En las últimas 72 horas, los ciudadanos de los cinco países del Mercosur que viven en zonas de frontera, que trabajan en transporte internacional o que tienen planes de viaje en las próximas semanas han recibido una avalancha de información — y también de desinformación — sobre dos amenazas sanitarias simultáneas que las autoridades de salud del bloque todavía no han comunicado de manera coordinada y en lenguaje claro. Esta nota intenta hacer exactamente eso: organizar la información disponible de las fuentes más autorizadas y presentarla de una manera que los ciudadanos puedan usar para tomar decisiones informadas sobre su salud y la de sus familias en el contexto de dos emergencias epidemiológicas que afectan simultáneamente el espacio sanitario del Mercosur. Las dos amenazas tienen características radicalmente distintas en términos de transmisión, gravedad y probabilidad de exposición, y confundirlas o tratarlas con el mismo nivel de alarma genera pánico innecesario en un caso y complacencia peligrosa en el otro.
El ébola Bundibugyo es una enfermedad de transmisión por contacto directo con sangre, fluidos corporales u órganos de personas infectadas o fallecidas por la enfermedad. No se transmite por el aire ni por el agua potable ni por los alimentos. La probabilidad de que un ciudadano del Mercosur que no viajó al Congo o Uganda en los últimos 21 días y que no tiene contacto con viajeros procedentes de esas zonas contraiga el ébola es prácticamente cero. Las señales de alerta son específicas y claras: fiebre súbita mayor de 38,6 grados centígrados, más síntomas de debilidad intensa, dolor muscular y articular, diarrea y vómitos, combinados con antecedente de viaje a las zonas afectadas o contacto con alguien que viajó recientemente al Congo o Uganda. Sin ese antecedente epidemiológico, esos síntomas corresponden a decenas de otras enfermedades mucho más comunes, y no deben generar la alarma de una consulta de emergencia por ébola. El sarampión, en cambio, sí es altamente transmisible por el aire, y una persona no vacunada que entre en un espacio donde alguien con sarampión estuvo hasta dos horas antes tiene más del 90% de probabilidad de infectarse si no tiene inmunidad.
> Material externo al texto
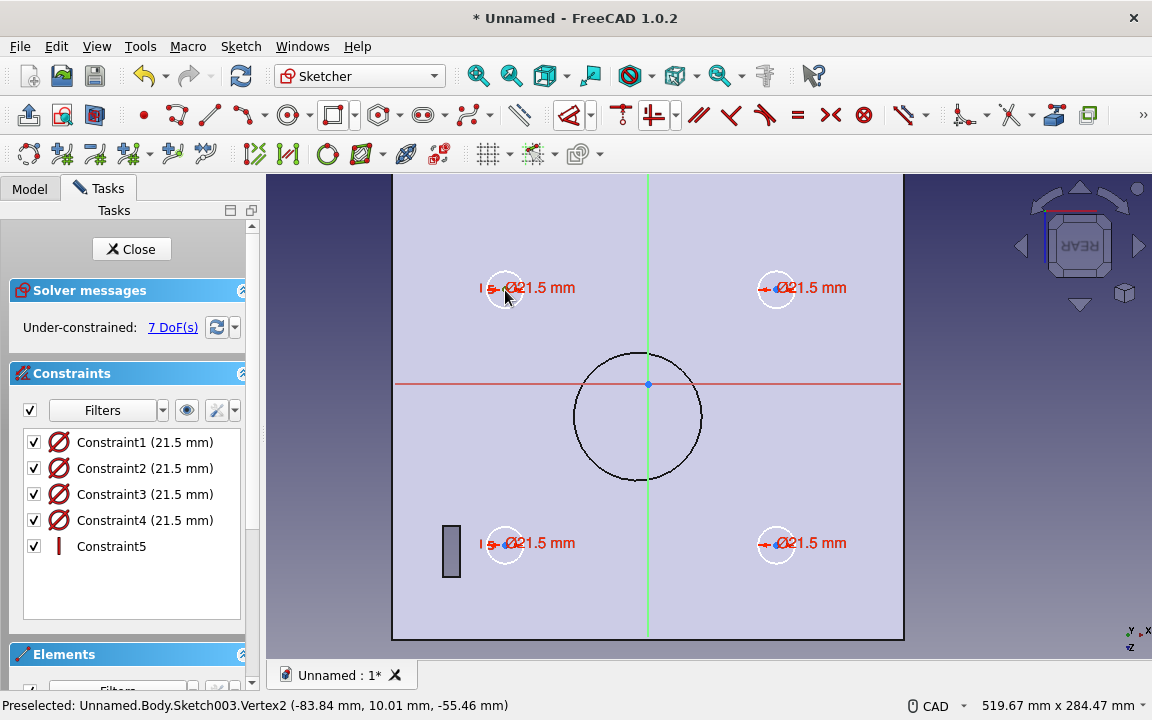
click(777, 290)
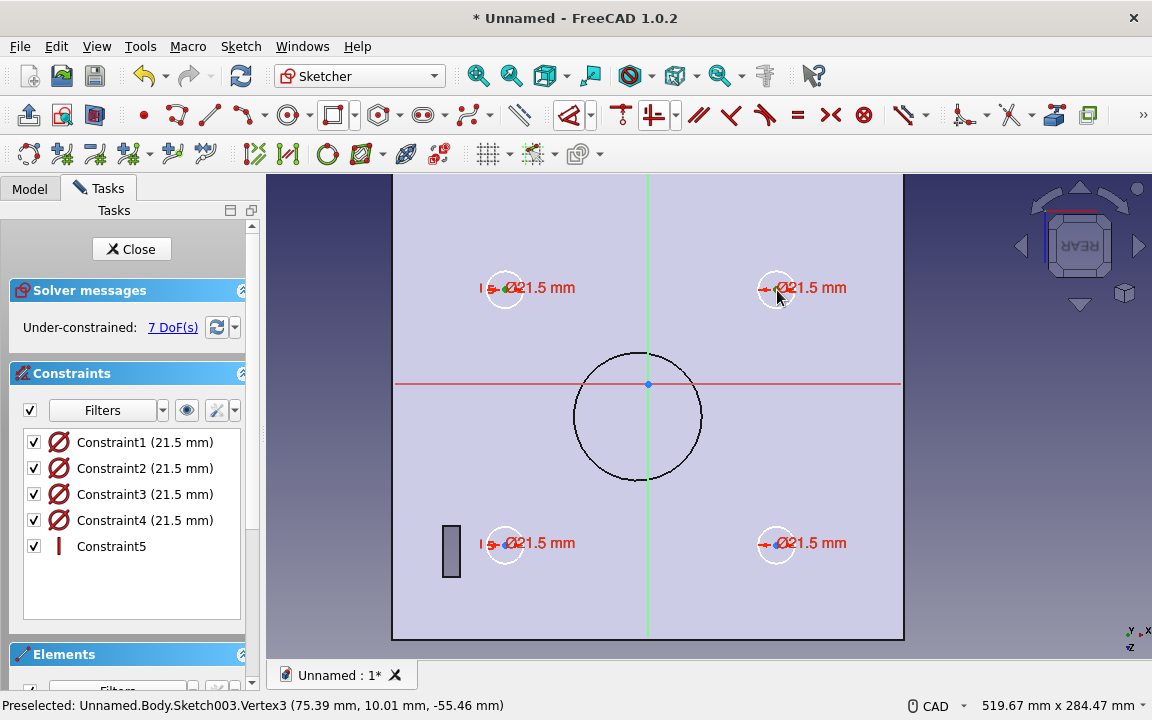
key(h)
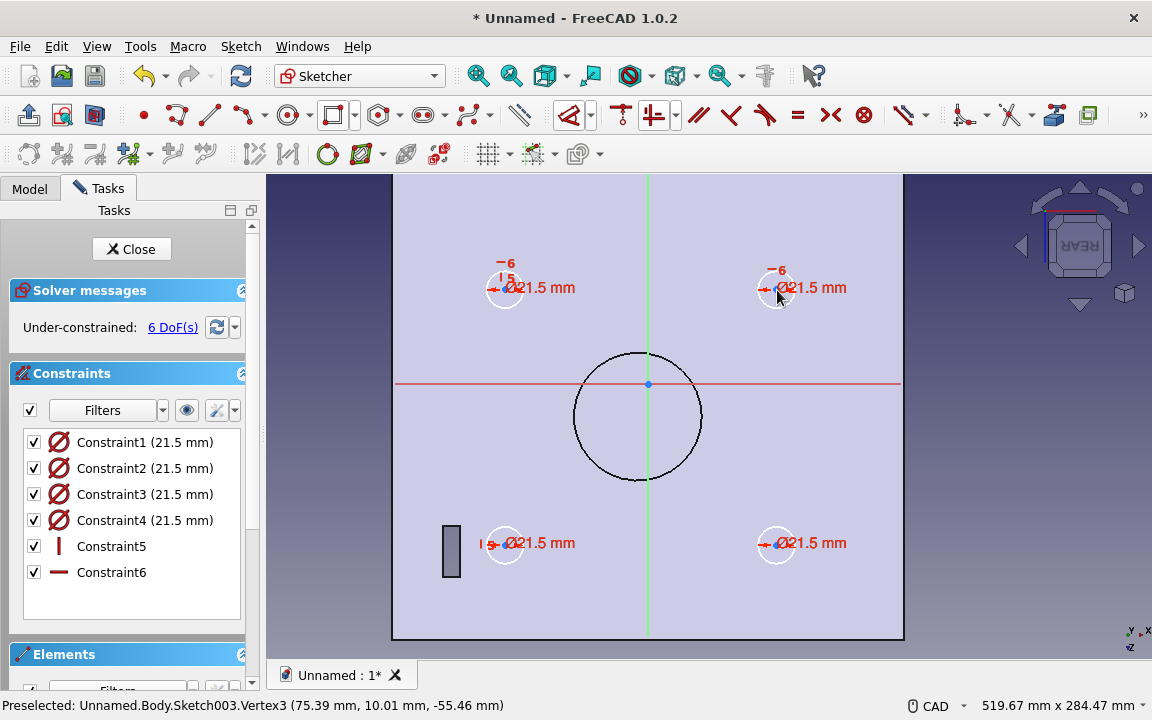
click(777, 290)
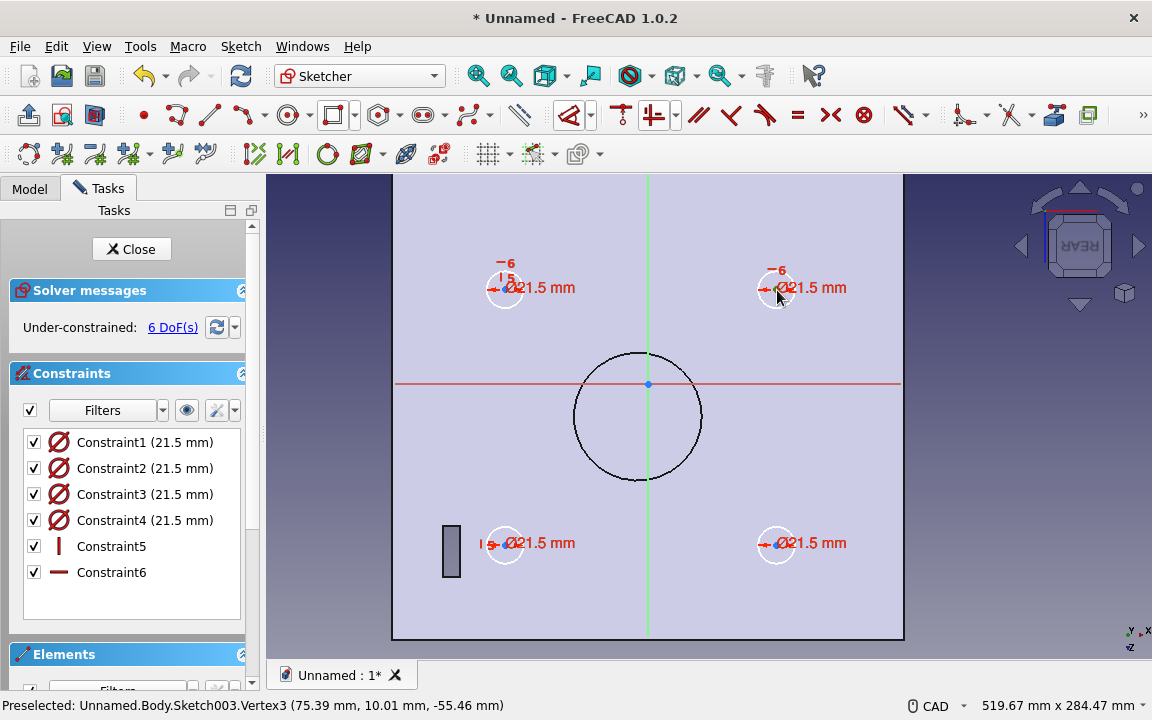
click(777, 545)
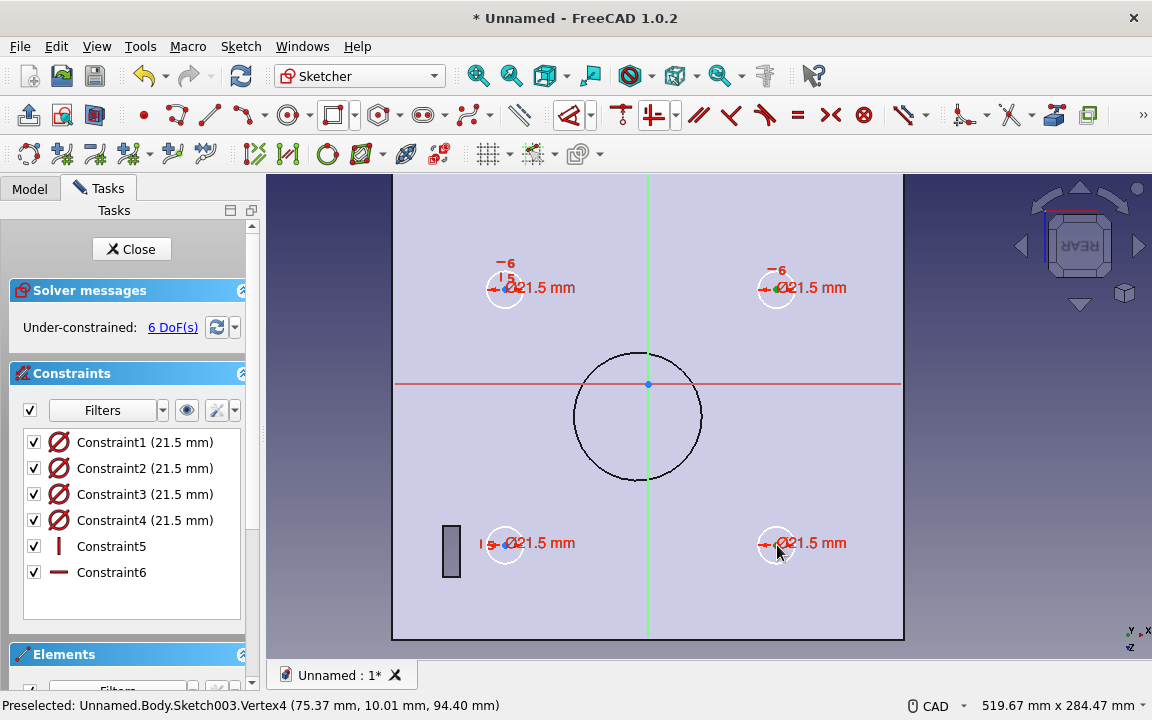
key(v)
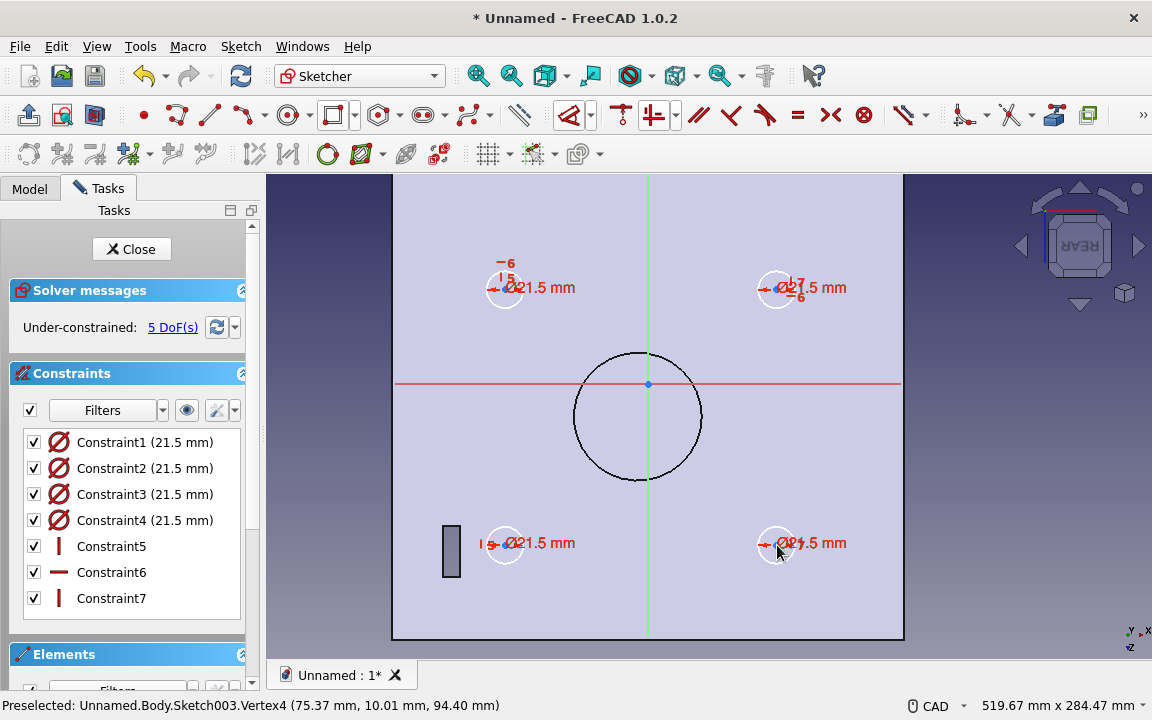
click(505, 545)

Para los viajeros que tienen planes de asistir al Mundial de Fútbol 2026 en Estados Unidos, México o Canadá — los tres países con mayor número de casos activos de sarampión en la región — la primera acción concreta es verificar el estado de vacunación propio y de los menores que los acompañan. La OPS recomienda dos dosis de la vacuna SRP (sarampión, rubéola y parotiditis) para garantizar protección completa. Las personas nacidas antes de 1981 probablemente tienen inmunidad por infección natural. Las personas nacidas entre 1981 y 2000 pueden haber recibido solo una dosis de la vacuna, lo que proporciona protección parcial pero no completa. Las personas nacidas después del año 2000, si completaron correctamente su esquema de vacunación, tienen protección completa con las dos dosis. En todos los casos, ante la duda, la vacuna es la respuesta: es segura, es gratuita en la mayoría de los sistemas públicos de salud del Mercosur y protege tanto a quien la recibe como a las personas más vulnerables — bebés menores de 12 meses que todavía no pueden vacunarse — del entorno familiar y comunitario.
La coordinación sanitaria de frontera en el Mercosur tiene un instrumento que pocas veces aparece en los análisis del bloque pero que en situaciones de emergencia como la actual tiene un valor crítico: el Acuerdo de Complementación en Materia de Salud entre los países del bloque, que establece mecanismos de notificación entre los ministerios de salud ante la detección de enfermedades de declaración obligatoria en zonas de frontera. Ese acuerdo, que funcionó de manera imperfecta durante la pandemia, está siendo reforzado en 2026 gracias a la apuesta del Mercosur por la digitalización de sus sistemas de información, incluyendo el SISME que los ministros de seguridad respaldaron unánimemente en Asunción. La extensión de esa plataforma de intercambio de información al ámbito de la salud pública de frontera — con alertas en tiempo real entre los ministerios de salud de los cinco países cuando se detecta un caso sospechoso de enfermedad de declaración obligatoria en un paso fronterizo — es la mejora de infraestructura sanitaria de mayor impacto que el bloque puede implementar en el corto plazo. Un Mercosur que comparte libre circulación de personas necesita también compartir libre circulación de información sanitaria, porque las enfermedades no respetan las mismas fronteras que los controles aduaneros.